Random coordinate descent (RCD) is based upon CCD, but with a number of alterations and additions:

  1. Instead of iterating through each dihedral angle sequentially along the loop backbone, angles are chosen randomly
  2. A spinor-matrix approach is used – this reduces loop closure times
  3. Various geometric filters are added at various points in the algorithm – either before, during or after loop closure.
  4. Switching‘  – if loop building fails, then the direction of loop building is changed to the opposite – for example, if the structure is being grown from the N-anchor, but doesn’t pass through the filters, then the loop is discarded and the next loop will be grown from the C-anchor. This should mean that the favoured loop closure direction naturally dominates.

The different geometric filters are as follows:

  1. A grid clash filter, which checks for clashes between the loop residues and the rest of the protein structure
  2. A loop clash filter, which checks for internal clashes between loop residues
  3. An adaptive Ramachandran filter, which restrains the dihedral angles to the allowed regions of the Ramachandran plot.

The Ramachandran filter is a good idea, since loop closure can change the dihedral angles of a structure significantly, moving them into disallowed regions. φ (phi) angles are restricted to the range between -175˚ and -40˚, and  ψ angles are restricted between -60˚ and 175˚ – this is basically the top left part of the Ramachandran plot. There are two exceptions: the  φ angle of proline is fixed, and the dihedral angles of glycine residues are not restricted at all. When placed inside the loop closure routine, the filter is ‘adaptive’ – if the calculated optimum angle is outside of the allowed region, the filter calculates the maximum possible rotation that would still be allowed. When these angle changes become too small, however, the restriction is removed entirely and the angle is allowed to change freely.

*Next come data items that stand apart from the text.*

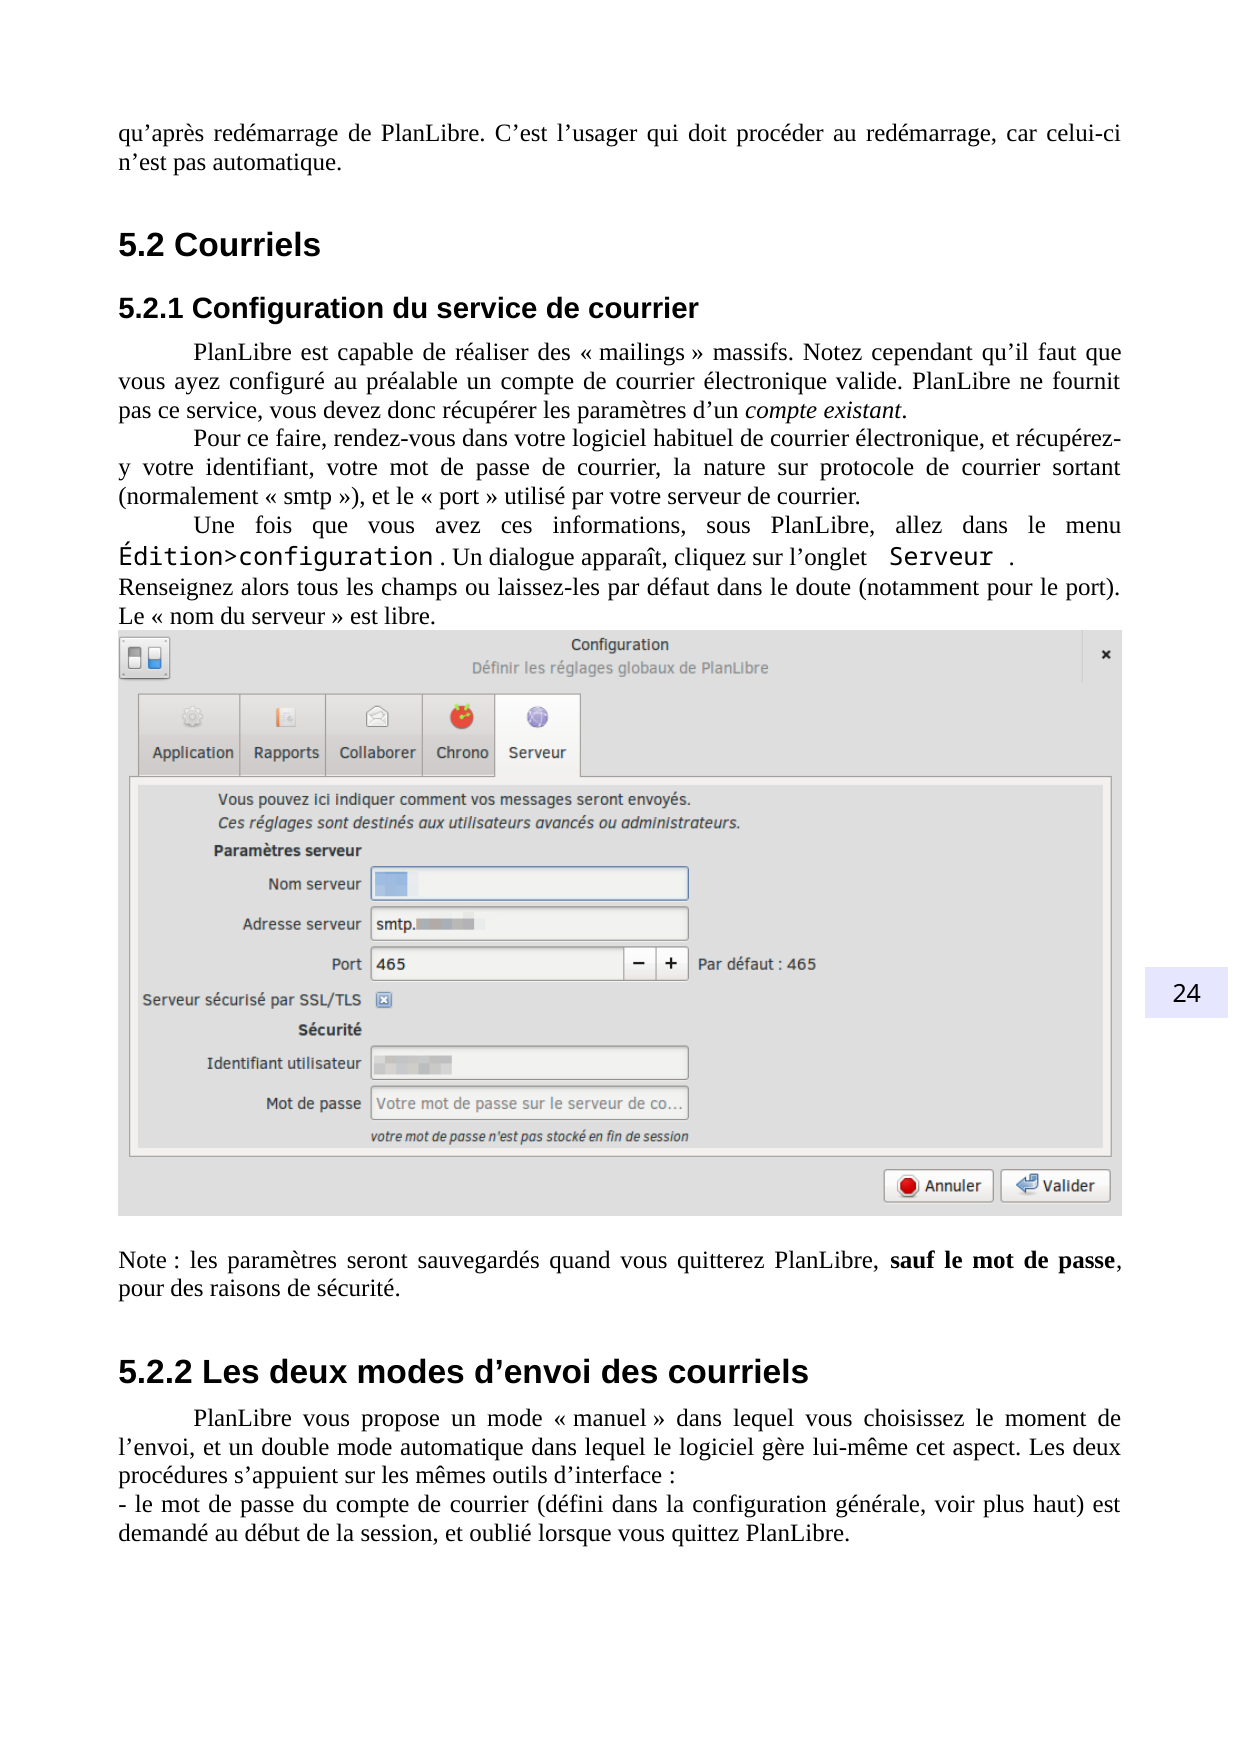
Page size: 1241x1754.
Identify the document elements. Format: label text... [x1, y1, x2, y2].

text - le mot de passe du compte de courrier (défini dans la configuration générale, voir plus haut) est demandé au début de la session, et oublié lorsque vous quittez PlanLibre. [118, 1489, 1122, 1547]
subtitle 5.2.1 Configuration du service de courrier [118, 291, 1122, 325]
text Une fois que vous avez ces informations, sous PlanLibre, allez dans le menu Édition>configuration . Un dialogue apparaît, cliquez sur l’onglet Serveur . [118, 510, 1122, 572]
text Renseignez alors tous les champs ou laissez-les par défaut dans le doute (notamment pour le port). Le « nom du serveur » est libre. [118, 572, 1122, 630]
subtitle 5.2.2 Les deux modes d’envoi des courriels [118, 1352, 1122, 1390]
picture [118, 630, 1123, 1216]
text Pour ce faire, rendez-vous dans votre logiciel habituel de courrier électronique, et récupérez-y votre identifiant, votre mot de passe de courrier, la nature sur protocole de courrier sortant (normalement « smtp »), et le « port » utilisé par votre serveur de courrier. [118, 423, 1122, 510]
text PlanLibre est capable de réaliser des « mailings » massifs. Notez cependant qu’il faut que vous ayez configuré au préalable un compte de courrier électronique valide. PlanLibre ne fournit pas ce service, vous devez donc récupérer les paramètres d’un compte existant. [118, 337, 1122, 423]
text PlanLibre vous propose un mode « manuel » dans lequel vous choisissez le moment de l’envoi, et un double mode automatique dans lequel le logiciel gère lui-même cet aspect. Les deux procédures s’appuient sur les mêmes outils d’interface : [118, 1403, 1122, 1489]
text Note : les paramètres seront sauvegardés quand vous quitterez PlanLibre, sauf le mot de passe, pour des raisons de sécurité. [118, 1245, 1122, 1302]
text qu’après redémarrage de PlanLibre. C’est l’usager qui doit procéder au redémarrage, car celui-ci n’est pas automatique. [118, 118, 1122, 176]
subtitle 5.2 Courriels [118, 225, 1122, 264]
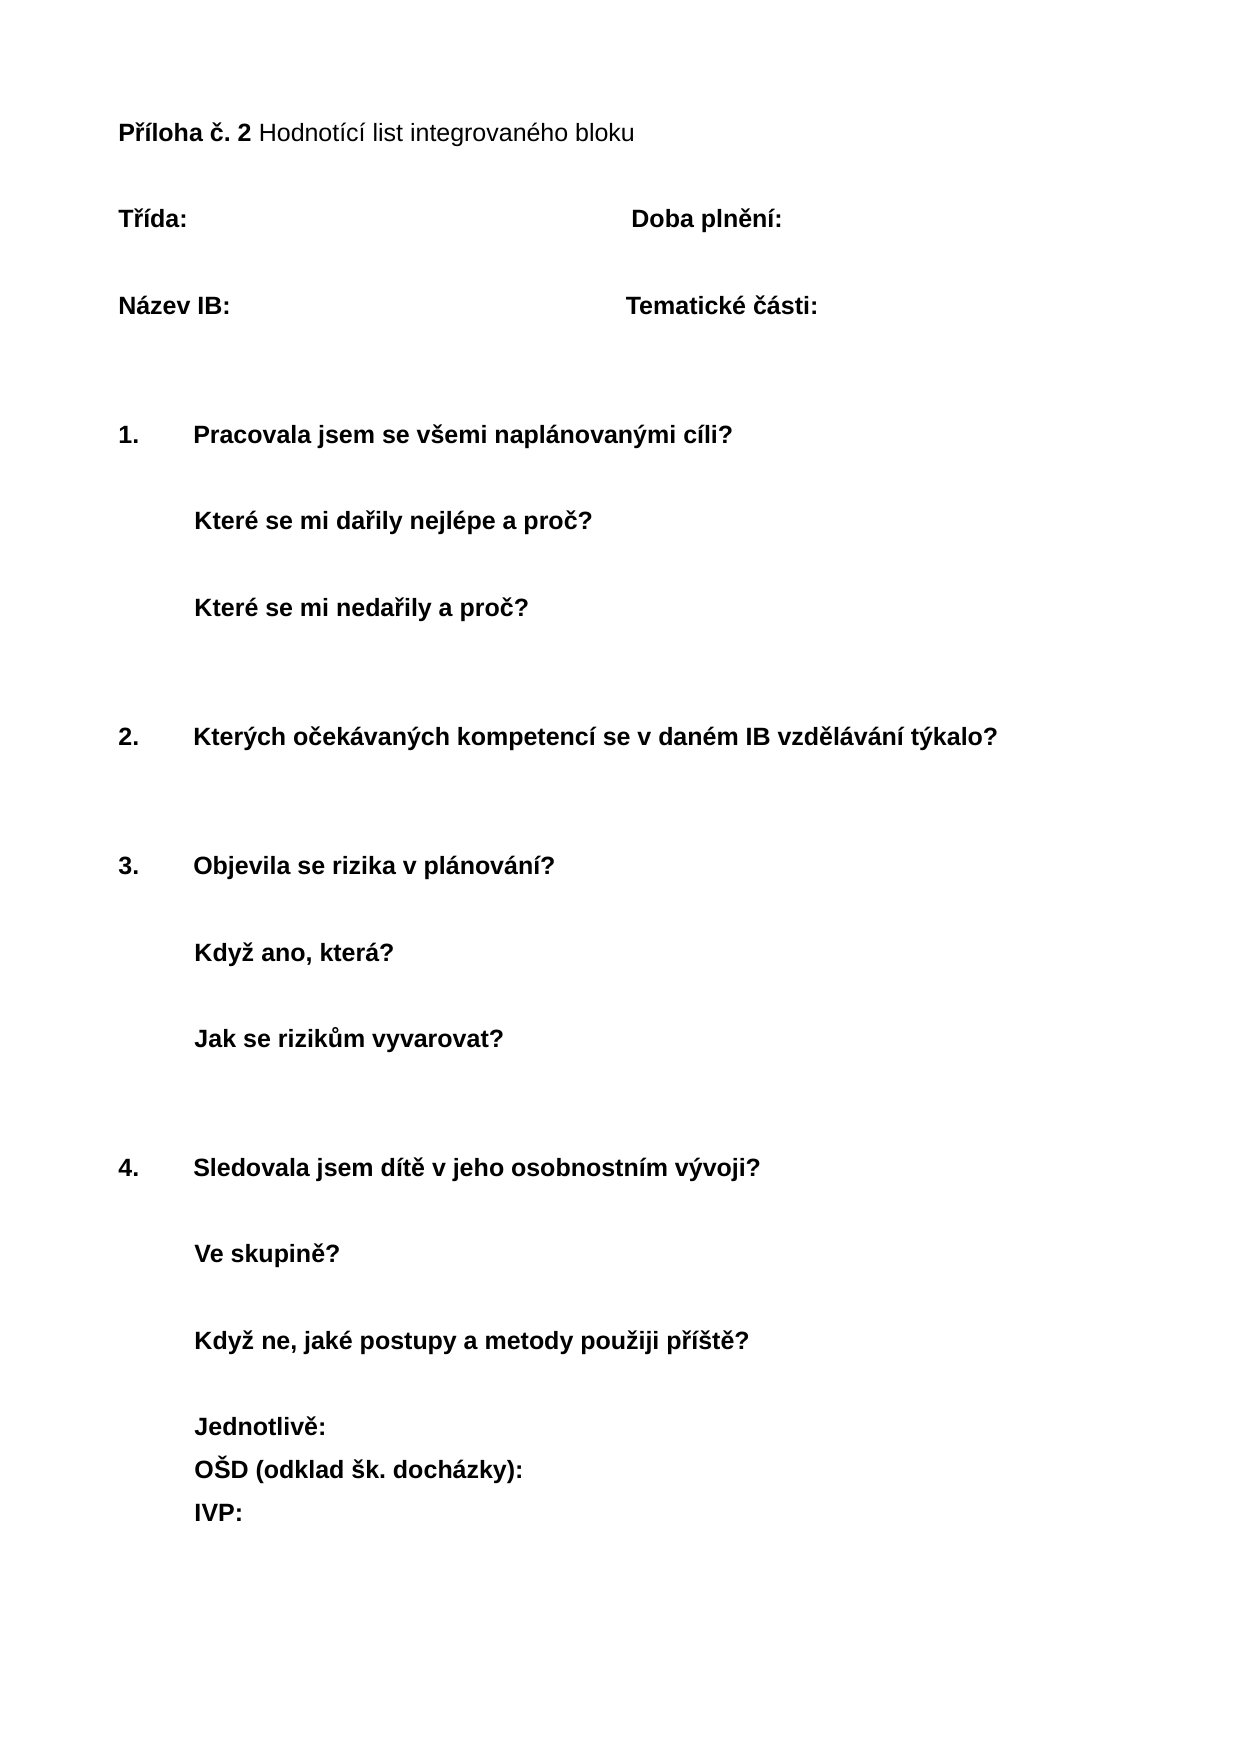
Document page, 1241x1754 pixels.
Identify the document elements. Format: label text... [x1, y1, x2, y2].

text Název IB: Tematické části: [118, 291, 1122, 319]
text OŠD (odklad šk. docházky): [118, 1455, 1122, 1484]
text Jednotlivě: [118, 1412, 1122, 1441]
text Jak se rizikům vyvarovat? [118, 1024, 1122, 1052]
text Třída: Doba plnění: [118, 204, 1122, 233]
list Objevila se rizika v plánování? [118, 851, 1122, 880]
text IVP: [118, 1498, 1122, 1527]
list Sledovala jsem dítě v jeho osobnostním vývoji? [118, 1153, 1122, 1182]
text Které se mi nedařily a proč? [118, 592, 1122, 621]
text Když ano, která? [118, 937, 1122, 966]
list Pracovala jsem se všemi naplánovanými cíli? [118, 420, 1122, 449]
list Kterých očekávaných kompetencí se v daném IB vzdělávání týkalo? [118, 722, 1122, 751]
text Příloha č. 2 Hodnotící list integrovaného bloku [118, 118, 1122, 147]
text Které se mi dařily nejlépe a proč? [118, 506, 1122, 535]
text Ve skupině? [118, 1239, 1122, 1268]
text Když ne, jaké postupy a metody použiji příště? [118, 1326, 1122, 1354]

By testing different combinations of filters in different places, the authors decided upon a final RCD algorithm. This version includes the grid clash filter during loop closure, and the Ramachandran filter applied both before and during loop closure. They then compare their method to some other loop closure algorithms – their method produces good results, outperforming all except a method called ‘direct tweak’ – the only other method tested that includes clash detection during loop closure. From this, the authors conclude that this is a key factor in generating accurate loop conformations. They also report that RCD is 6 to 17 times faster than direct tweak.

Overall, then, the authors of this paper have introduced an accurate and fast loop closure algorithm which outperforms most other methods. Currently, my research is focussed upon developing a new antibody-specific ab initio loop modelling method, and some of the concepts used in this paper would definitely be worth investigating further. Watch this space!